Design: Prospective study with masked comparison. The standard criteria for the diagnosis of pancreatic cancer were pancreatography or surgery (or both) and histopathology, with follow-up ranging from 6 to 40 months.

Setting: Referral center.

Patients: 24 patients with no pancreatic disease (group 1); 29 patients with nontumoral pancreatic disease (group 2); and 22 patients with pancreatic tumor (group 3). Endoscopic ductal aspiration of cells or brush cytology was done on patients having endoscopic retrograde pancreatography for diagnostic or therapeutic reasons.

Main Outcome Measure: Confirmation of mutation rates in patients with pancreatic cancer.

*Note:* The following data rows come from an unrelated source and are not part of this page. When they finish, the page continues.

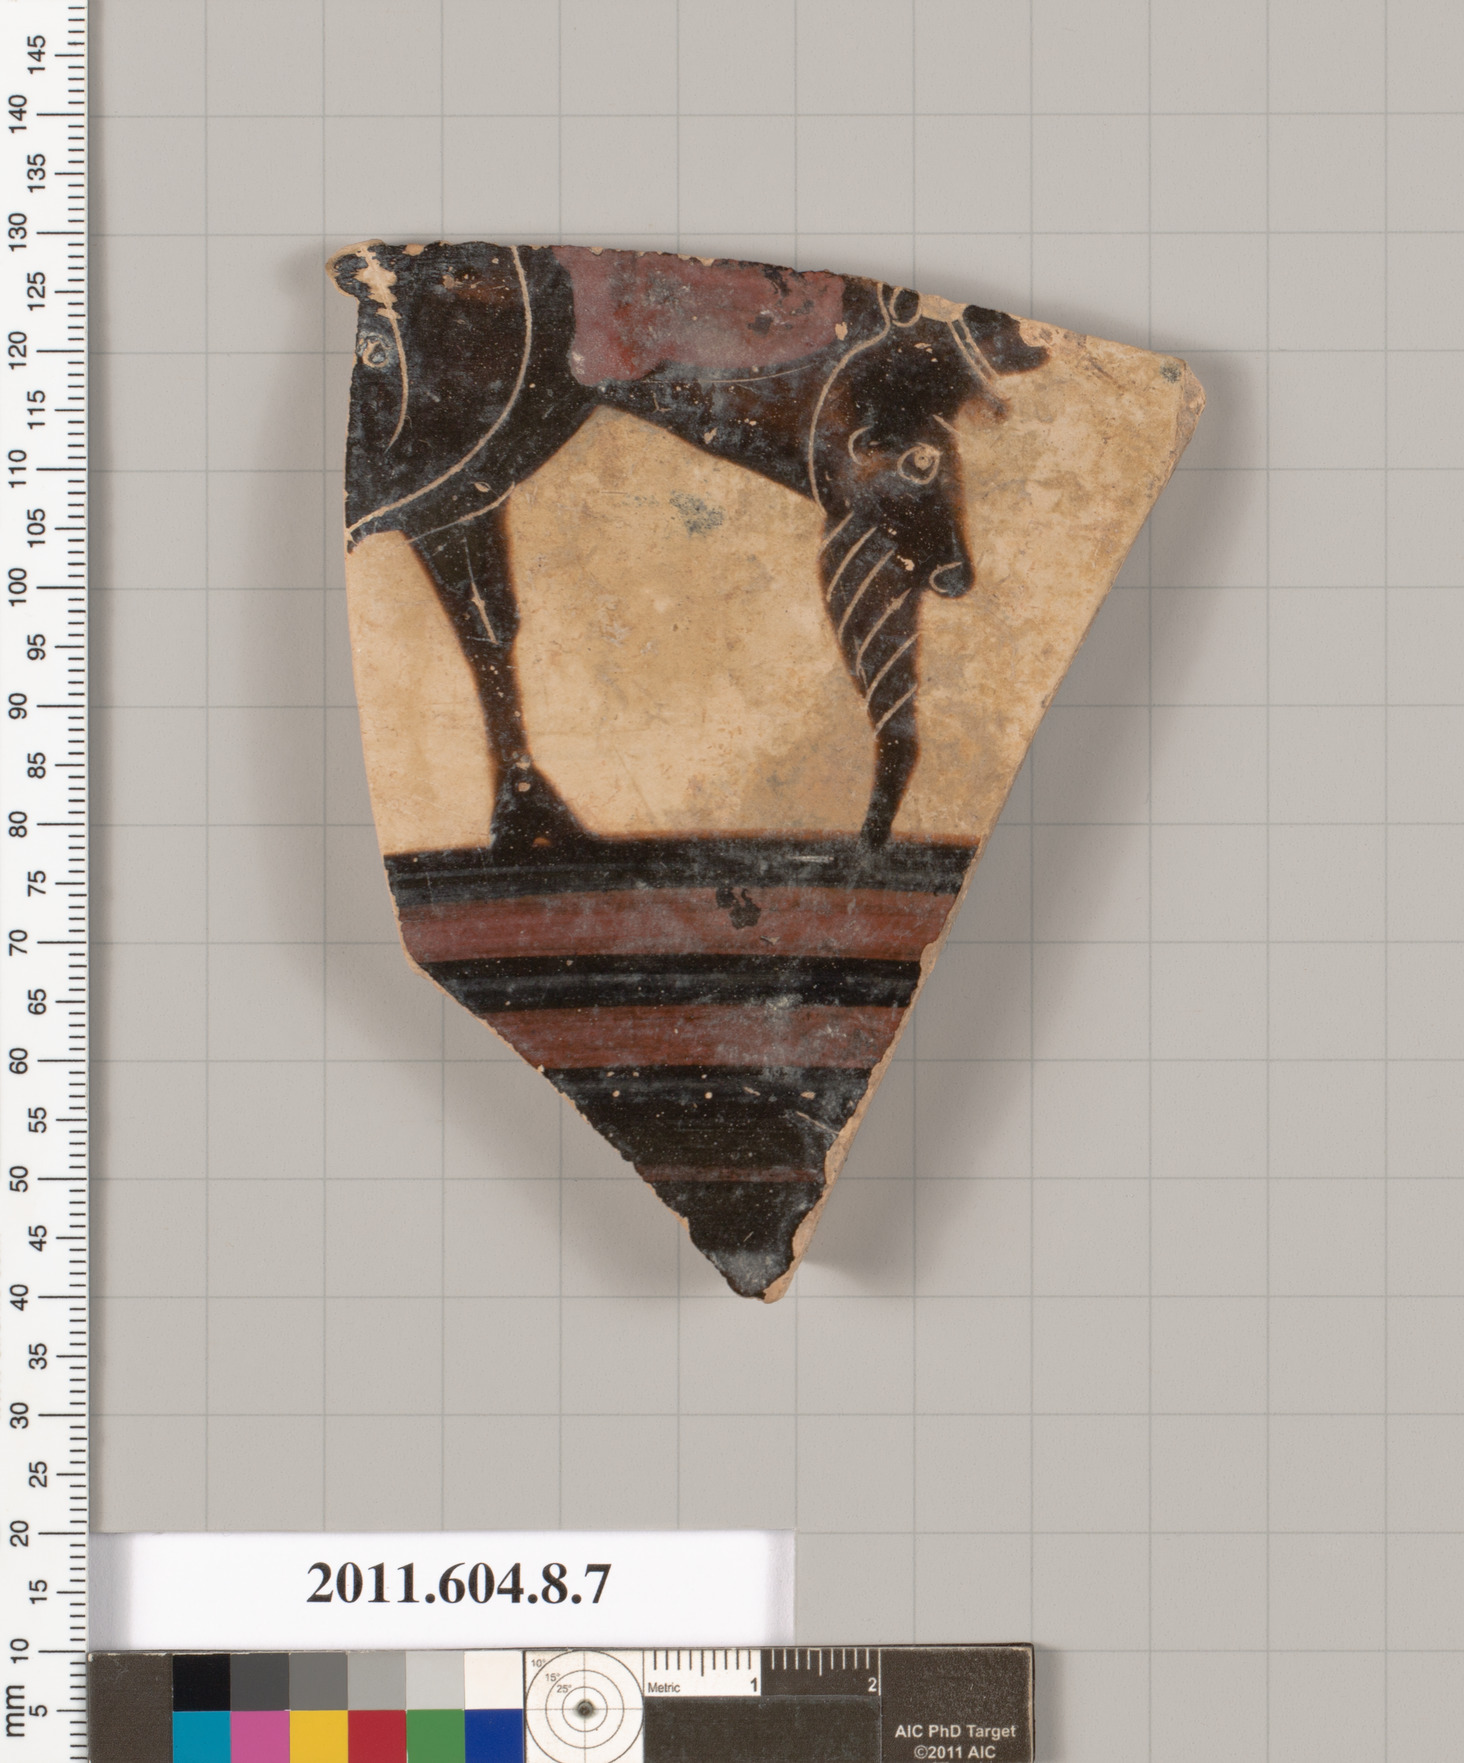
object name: krater fragment
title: Terracotta fragment of a krater
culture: greek, corinthian
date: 550-501 BCE
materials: terracotta

Results: K-ras gene analysis was done by polymerase chain reaction-mediated restriction fragment length polymorphism analysis and direct sequencing. All patients from groups 1 and 2 (n = 53) had a normal sequence for the K-ras 12th codon (group 1, 0% [95% CI, 0% to 14%]; group 2, 0% [CI, 0% to 12%]). Mutations were seen in 17 of the 22 patients in group 3 (77% [CI, 55% to 92%]). Two of the 17 had no evidence of pancreatic cancer when K-ras was first studied. One had chronic abdominal pain and the other presented with acute pancreatitis. Both were initially free of any pancreatic mass, but they developed tumors 18 and 40 months, respectively, after the K-ras mutations were identified.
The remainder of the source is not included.